Also at the end of this is a excerpt from NFPA 70 and the UL 676 governing pools documenting the part about some situations not requiring the #8 bonding wire so you don't think I pulled that one out of my ***. Take note it says "low voltage system" meaning junction box is pvc, forming shell is pvc and light is a non grounding type.The only change to that language is they now are calling it a bonding wire instead of an equipment grounding conductor. Calling it the later was misrepresenting the purpose of the #8 which is to bond the forming shell and the junction box to the grid...especially if a line voltage light and PVC conduit to a metal forming shell. So the primary purpose is bonding with other possible duties as described below. The connection of the #8 to the equipment ground coming from the wet niche light cord and transformer at the junction box is only incindental and not intentional. A result of bonding the metal of the junction box to the equipotential grid via the #8.

So assuming that your forming shell is pvc and has a bonding lug and is not a listed combination with a non-grounding wet niche light I'll try to explain as it is common for people to have a difficult time with this concept.
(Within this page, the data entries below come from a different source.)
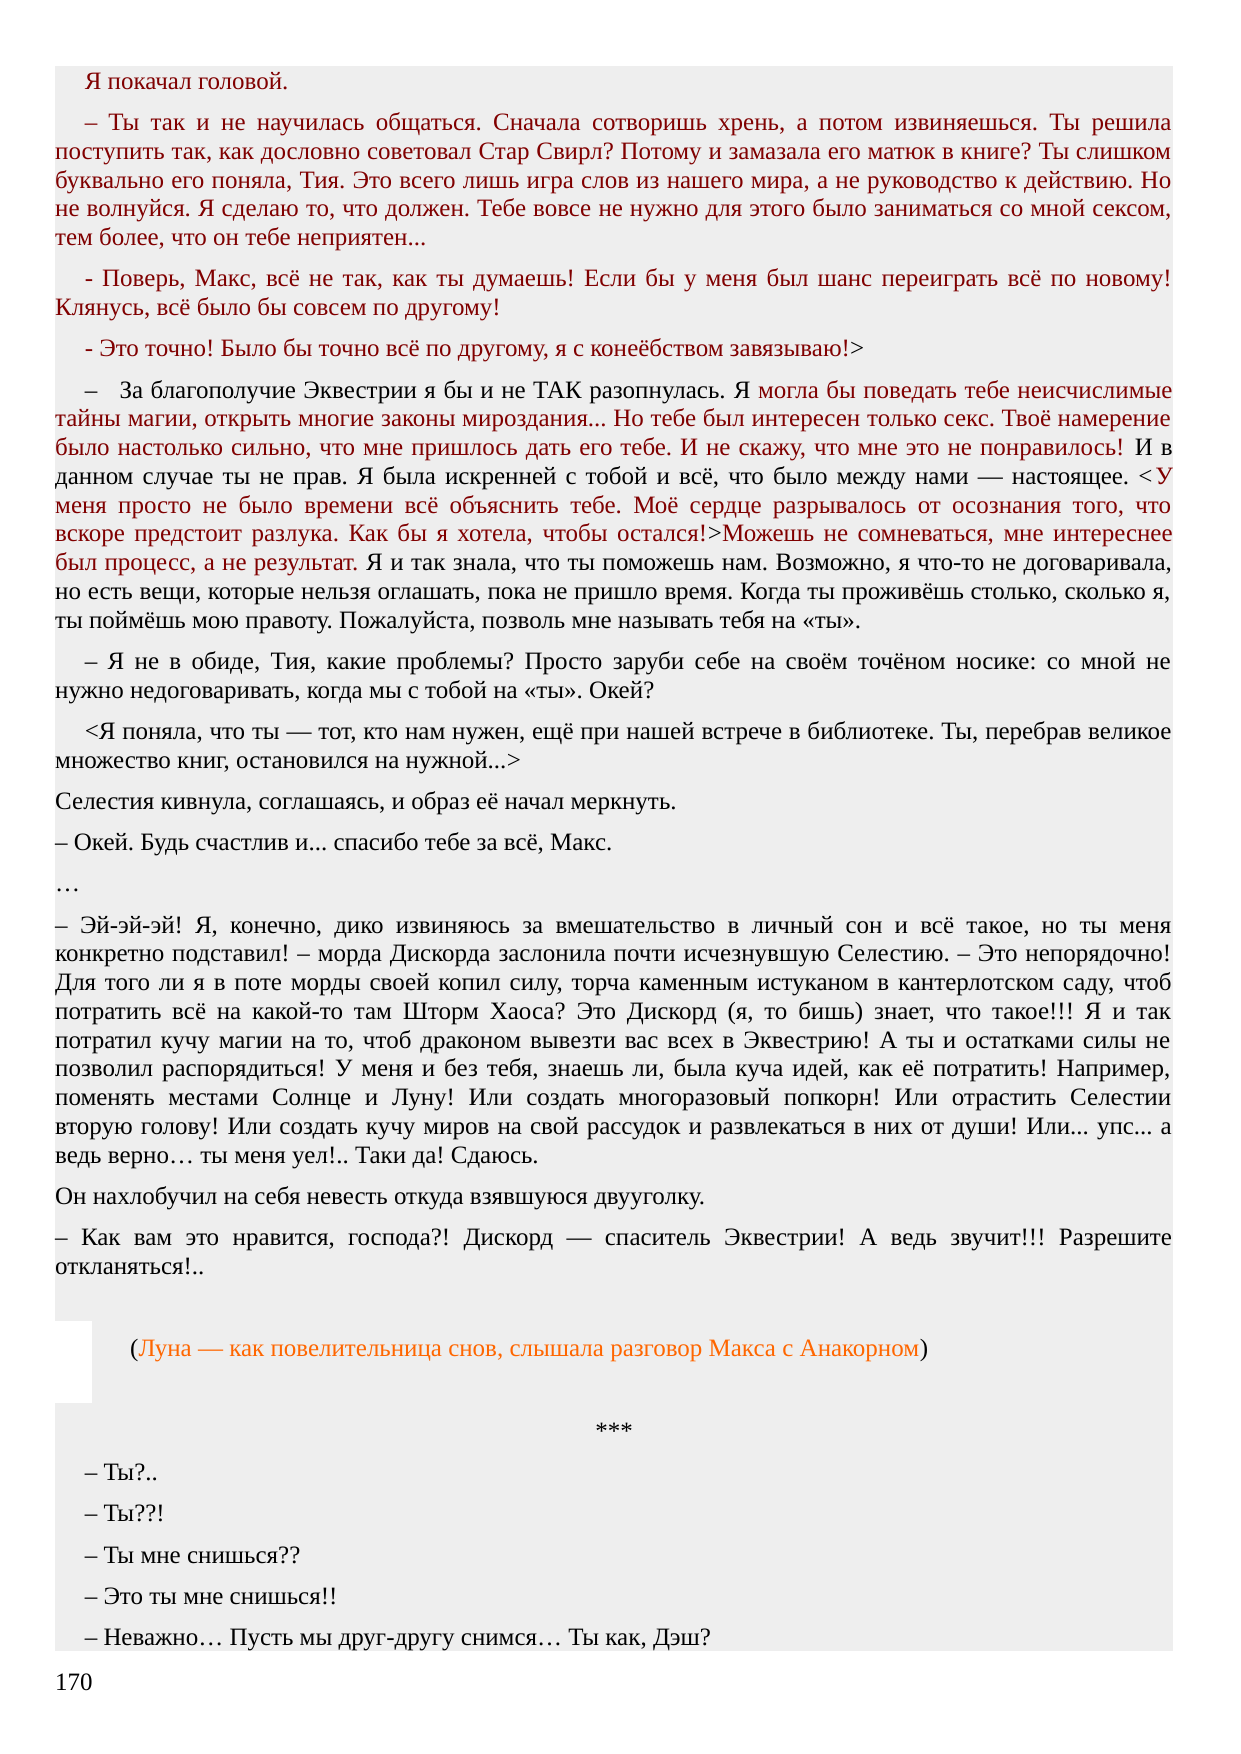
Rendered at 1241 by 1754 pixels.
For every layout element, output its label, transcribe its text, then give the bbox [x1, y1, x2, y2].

text – Окей. Будь счастлив и... спасибо тебе за всё, Макс. [55, 827, 1173, 856]
list (Луна — как повелительница снов, слышала разговор Макса с Анакорном) [92, 1333, 1173, 1362]
text – Это ты мне снишься!! [55, 1581, 1173, 1610]
text Селестия кивнула, соглашаясь, и образ её начал меркнуть. [55, 786, 1173, 815]
text … [55, 868, 1173, 897]
text Я покачал головой. [55, 66, 1173, 95]
text – Как вам это нравится, господа?! Дискорд — спаситель Эквестрии! А ведь звучит!!! Разрешите откланяться!.. [55, 1222, 1173, 1280]
text – Эй-эй-эй! Я, конечно, дико извиняюсь за вмешательство в личный сон и всё такое, но ты меня конкретно подставил! – морда Дискорда заслонила почти исчезнувшую Селестию. – Это непорядочно! Для того ли я в поте морды своей копил силу, торча каменным истуканом в кантерлотском саду, чтоб потратить всё на какой-то там Шторм Хаоса? Это Дискорд (я, то бишь) знает, что такое!!! Я и так потратил кучу магии на то, чтоб драконом вывезти вас всех в Эквестрию! А ты и остатками силы не позволил распорядиться! У меня и без тебя, знаешь ли, была куча идей, как её потратить! Например, поменять местами Солнце и Луну! Или создать многоразовый попкорн! Или отрастить Селестии вторую голову! Или создать кучу миров на свой рассудок и развлекаться в них от души! Или... упс... а ведь верно… ты меня уел!.. Таки да! Сдаюсь. [55, 910, 1173, 1168]
text – Я не в обиде, Тия, какие проблемы? Просто заруби себе на своём точёном носике: со мной не нужно недоговаривать, когда мы с тобой на «ты». Окей? [55, 646, 1173, 703]
text – Неважно… Пусть мы друг-другу снимся… Ты как, Дэш? [55, 1622, 1173, 1651]
text <Я поняла, что ты — тот, кто нам нужен, ещё при нашей встрече в библиотеке. Ты, перебрав великое множество книг, остановился на нужной...> [55, 716, 1173, 773]
text – Ты?.. [55, 1457, 1173, 1486]
text - Это точно! Было бы точно всё по другому, я с конеёбством завязываю!> [55, 333, 1173, 362]
text *** [55, 1416, 1173, 1445]
text – Ты так и не научилась общаться. Сначала сотворишь хрень, а потом извиняешься. Ты решила поступить так, как дословно советовал Стар Свирл? Потому и замазала его матюк в книге? Ты слишком буквально его поняла, Тия. Это всего лишь игра слов из нашего мира, а не руководство к действию. Но не волнуйся. Я сделаю то, что должен. Тебе вовсе не нужно для этого было заниматься со мной сексом, тем более, что он тебе неприятен... [55, 107, 1173, 251]
text - Поверь, Макс, всё не так, как ты думаешь! Если бы у меня был шанс переиграть всё по новому! Клянусь, всё было бы совсем по другому! [55, 263, 1173, 321]
text – Ты мне снишься?? [55, 1540, 1173, 1568]
text Он нахлобучил на себя невесть откуда взявшуюся двууголку. [55, 1181, 1173, 1210]
text – За благополучие Эквестрии я бы и не ТАК разопнулась. Я могла бы поведать тебе неисчислимые тайны магии, открыть многие законы мироздания... Но тебе был интересен только секс. Твоё намерение было настолько сильно, что мне пришлось дать его тебе. И не скажу, что мне это не понравилось! И в данном случае ты не прав. Я была искренней с тобой и всё, что было между нами — настоящее. <У меня просто не было времени всё объяснить тебе. Моё сердце разрывалось от осознания того, что вскоре предстоит разлука. Как бы я хотела, чтобы остался!>Можешь не сомневаться, мне интереснее был процесс, а не результат. Я и так знала, что ты поможешь нам. Возможно, я что-то не договаривала, но есть вещи, которые нельзя оглашать, пока не пришло время. Когда ты проживёшь столько, сколько я, ты поймёшь мою правоту. Пожалуйста, позволь мне называть тебя на «ты». [55, 375, 1173, 633]
text – Ты??! [55, 1498, 1173, 1527]

I'm going to para phrase from some of my literature to make it faster for me to explain this bonding in the forming shell. First thing to understand is that any faults in the supply conductors to themselves or metal out to the metal junction box will cause the gfci breaker to trip out since you have one on the low voltage light circuit. Even though gfci isn't required for this low voltage light of yours it is an excellent idea. However from the JB to the forming shell its a different story. So see if the below helps you understand if not I'll give it another try. 

The equipment grounding conductor in the flexible cord of the wet-niche luminaire may be relatively small (as little as 16 AWG in accordance with the _NEC_), and may have a length of one hundred feet or more. The relatively small AWG and long length will result in increased impedance through the flexible cord equipment grounding conductor.
If the electrical bond between the luminaire and the metal forming shell is poor or absent, in an electrical fault condition within the luminaire this increased flexible cord impedance causes a relatively greater voltage potential between the dead metal of the luminaire and other dead metal connected to the premises’ equipment grounding conductor.
The supplemental equipment grounding conductor in the form of corrosion resistant metallic conduit connected to the forming shell or the 8 AWG copper conductor routed with the flexible cord in nonmetallic conduit provides a second, more conductive, path for fault current originating in the luminaire. If the luminaire securement does not provide an effective electrical bond to the forming shell, there is an equally ineffective electrical bond to the supplemental equipment grounding conductor.
Section 680.26 of the _NEC_ requires essentially all of the dead metal within 1.5 m (5 ft) horizontally from the pool wall and the dead metal of equipment associated with the pool water circulating system to be connected to a low-impedance common bonding grid, using a solid copper conductor not smaller than 8 AWG. Likewise, the electrical impedance of the electrical bond from the dead metal parts of the wet-niche luminaire to the pool bonding grid must be low. UL 676 requires the impedance between dead metal parts of a luminaire and the 8 AWG pool bonding grid conductor connected to the applicable terminal on the forming shell not to be more than 0.020 ohm. For perspective, this is approximately the DC resistance of 10 m of solid 8 AWG uncoated copper conductor at 25C, a relatively low value. So in the case of a metal forming shell the #8 plays double duty as a redundant equipment ground for fault current in the event of a fault with the lunimaire that cannot be sufficiently handled by it's equipment ground wire in the cord for what ever reason. So look at it as the metal of the forming shell is providing an alternate path for a fault at the light to get to the bonding lug and utilize the #8 for a alternate fault path fault back up to the equipment grounds in the junction box so a breaker will trip. All this is primarily directed at line voltage lights (120v) and metal forming shells. 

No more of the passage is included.